------ Entries supplied

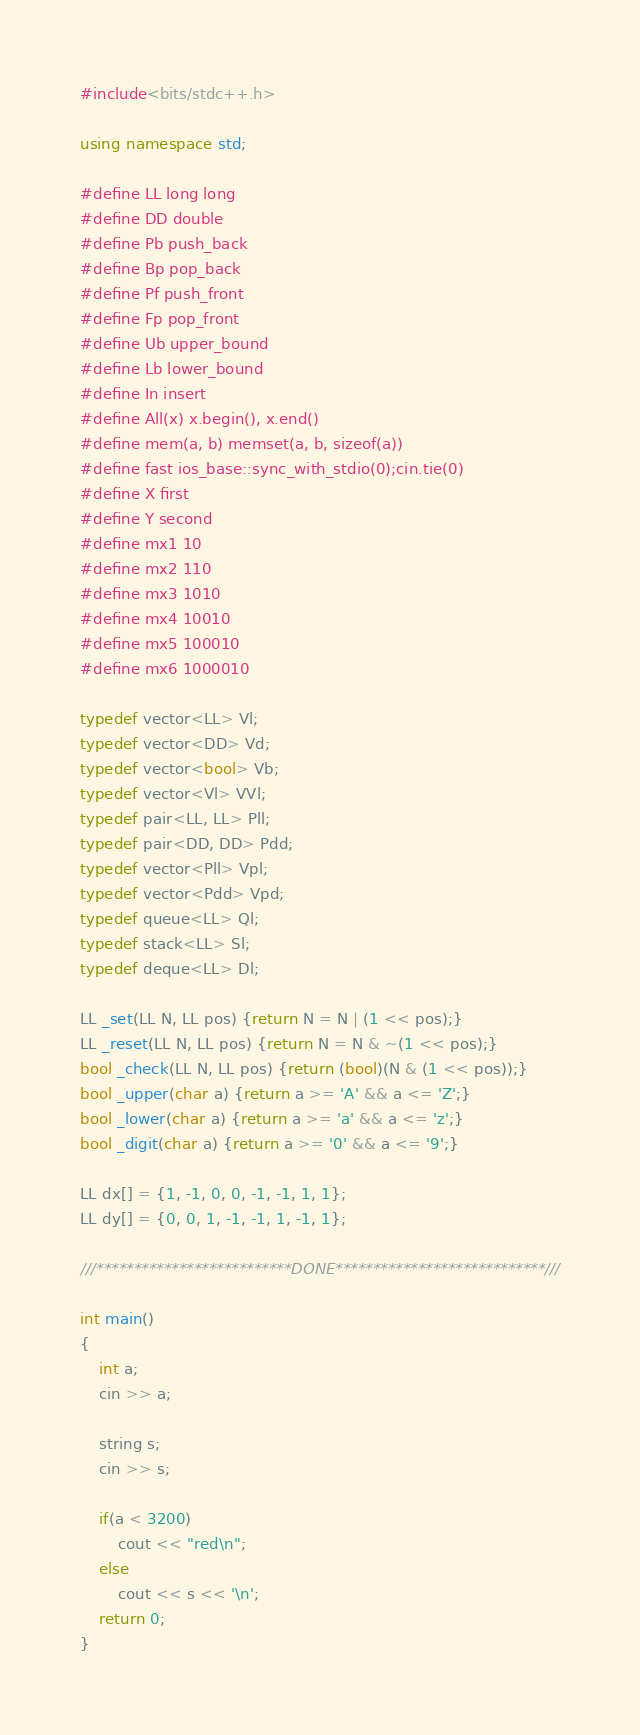<code> <loc_0><loc_0><loc_500><loc_500><_C++_>#include<bits/stdc++.h>

using namespace std;

#define LL long long
#define DD double
#define Pb push_back
#define Bp pop_back
#define Pf push_front
#define Fp pop_front
#define Ub upper_bound
#define Lb lower_bound
#define In insert
#define All(x) x.begin(), x.end()
#define mem(a, b) memset(a, b, sizeof(a))
#define fast ios_base::sync_with_stdio(0);cin.tie(0)
#define X first
#define Y second
#define mx1 10
#define mx2 110
#define mx3 1010
#define mx4 10010
#define mx5 100010
#define mx6 1000010

typedef vector<LL> Vl;
typedef vector<DD> Vd;
typedef vector<bool> Vb;
typedef vector<Vl> VVl;
typedef pair<LL, LL> Pll;
typedef pair<DD, DD> Pdd;
typedef vector<Pll> Vpl;
typedef vector<Pdd> Vpd;
typedef queue<LL> Ql;
typedef stack<LL> Sl;
typedef deque<LL> Dl;

LL _set(LL N, LL pos) {return N = N | (1 << pos);}
LL _reset(LL N, LL pos) {return N = N & ~(1 << pos);}
bool _check(LL N, LL pos) {return (bool)(N & (1 << pos));}
bool _upper(char a) {return a >= 'A' && a <= 'Z';}
bool _lower(char a) {return a >= 'a' && a <= 'z';}
bool _digit(char a) {return a >= '0' && a <= '9';}

LL dx[] = {1, -1, 0, 0, -1, -1, 1, 1};
LL dy[] = {0, 0, 1, -1, -1, 1, -1, 1};

///**************************DONE****************************///

int main()
{
    int a;
    cin >> a;

    string s;
    cin >> s;

    if(a < 3200)
        cout << "red\n";
    else
        cout << s << '\n';
    return 0;
}</code> 
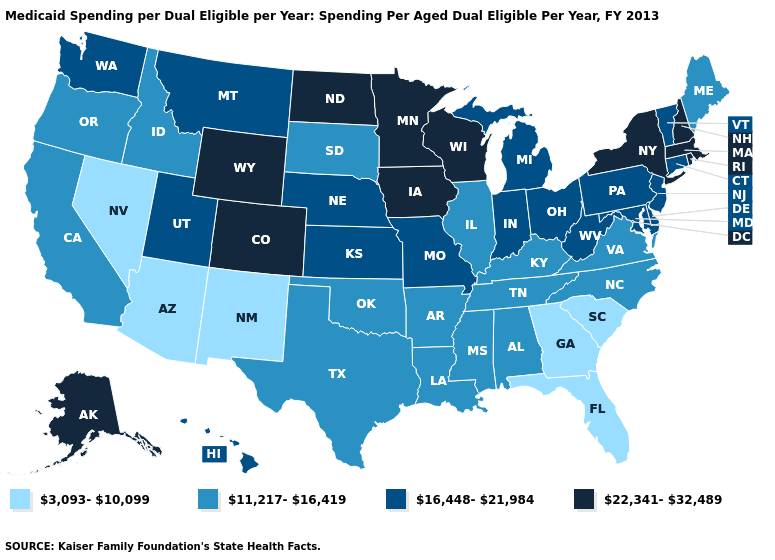Among the states that border Georgia , which have the highest value?
Quick response, please. Alabama, North Carolina, Tennessee. How many symbols are there in the legend?
Be succinct. 4. What is the value of Rhode Island?
Write a very short answer. 22,341-32,489. What is the value of Wisconsin?
Short answer required. 22,341-32,489. Does the map have missing data?
Be succinct. No. Which states have the lowest value in the West?
Be succinct. Arizona, Nevada, New Mexico. What is the value of Wisconsin?
Give a very brief answer. 22,341-32,489. Which states have the lowest value in the USA?
Concise answer only. Arizona, Florida, Georgia, Nevada, New Mexico, South Carolina. What is the highest value in the USA?
Write a very short answer. 22,341-32,489. What is the highest value in the USA?
Give a very brief answer. 22,341-32,489. Name the states that have a value in the range 16,448-21,984?
Be succinct. Connecticut, Delaware, Hawaii, Indiana, Kansas, Maryland, Michigan, Missouri, Montana, Nebraska, New Jersey, Ohio, Pennsylvania, Utah, Vermont, Washington, West Virginia. Does Kentucky have a higher value than Georgia?
Write a very short answer. Yes. Name the states that have a value in the range 3,093-10,099?
Short answer required. Arizona, Florida, Georgia, Nevada, New Mexico, South Carolina. How many symbols are there in the legend?
Short answer required. 4. What is the highest value in the West ?
Quick response, please. 22,341-32,489. 
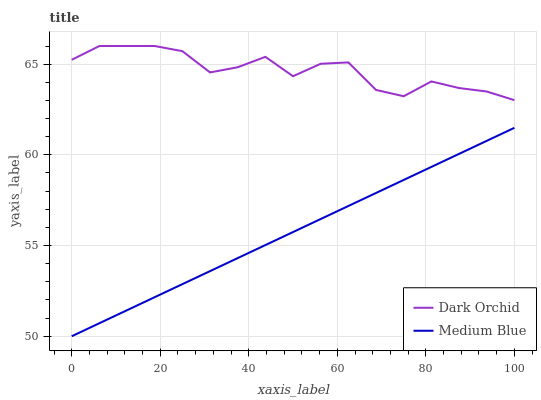Does Medium Blue have the minimum area under the curve?
Answer yes or no. Yes. Does Dark Orchid have the maximum area under the curve?
Answer yes or no. Yes. Does Dark Orchid have the minimum area under the curve?
Answer yes or no. No. Is Medium Blue the smoothest?
Answer yes or no. Yes. Is Dark Orchid the roughest?
Answer yes or no. Yes. Is Dark Orchid the smoothest?
Answer yes or no. No. Does Medium Blue have the lowest value?
Answer yes or no. Yes. Does Dark Orchid have the lowest value?
Answer yes or no. No. Does Dark Orchid have the highest value?
Answer yes or no. Yes. Is Medium Blue less than Dark Orchid?
Answer yes or no. Yes. Is Dark Orchid greater than Medium Blue?
Answer yes or no. Yes. Does Medium Blue intersect Dark Orchid?
Answer yes or no. No. 
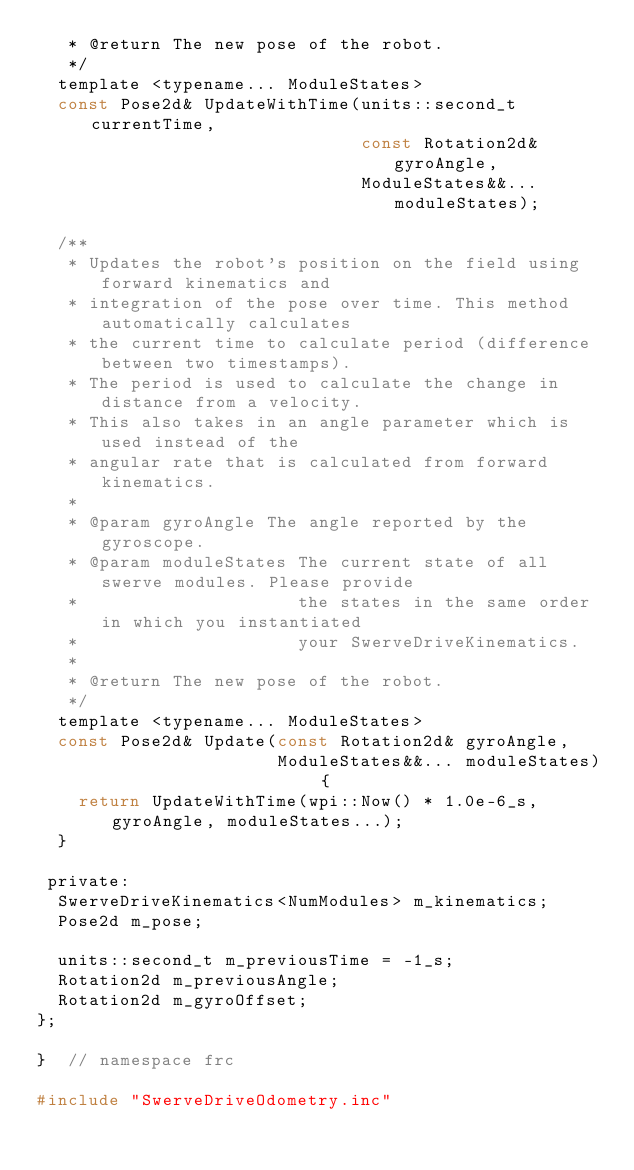<code> <loc_0><loc_0><loc_500><loc_500><_C_>   * @return The new pose of the robot.
   */
  template <typename... ModuleStates>
  const Pose2d& UpdateWithTime(units::second_t currentTime,
                               const Rotation2d& gyroAngle,
                               ModuleStates&&... moduleStates);

  /**
   * Updates the robot's position on the field using forward kinematics and
   * integration of the pose over time. This method automatically calculates
   * the current time to calculate period (difference between two timestamps).
   * The period is used to calculate the change in distance from a velocity.
   * This also takes in an angle parameter which is used instead of the
   * angular rate that is calculated from forward kinematics.
   *
   * @param gyroAngle The angle reported by the gyroscope.
   * @param moduleStates The current state of all swerve modules. Please provide
   *                     the states in the same order in which you instantiated
   *                     your SwerveDriveKinematics.
   *
   * @return The new pose of the robot.
   */
  template <typename... ModuleStates>
  const Pose2d& Update(const Rotation2d& gyroAngle,
                       ModuleStates&&... moduleStates) {
    return UpdateWithTime(wpi::Now() * 1.0e-6_s, gyroAngle, moduleStates...);
  }

 private:
  SwerveDriveKinematics<NumModules> m_kinematics;
  Pose2d m_pose;

  units::second_t m_previousTime = -1_s;
  Rotation2d m_previousAngle;
  Rotation2d m_gyroOffset;
};

}  // namespace frc

#include "SwerveDriveOdometry.inc"
</code>

------------

Exercise description>
Whenever a line above contains "from", copy that line.

Answer section>
   * The period is used to calculate the change in distance from a velocity.
   * angular rate that is calculated from forward kinematics.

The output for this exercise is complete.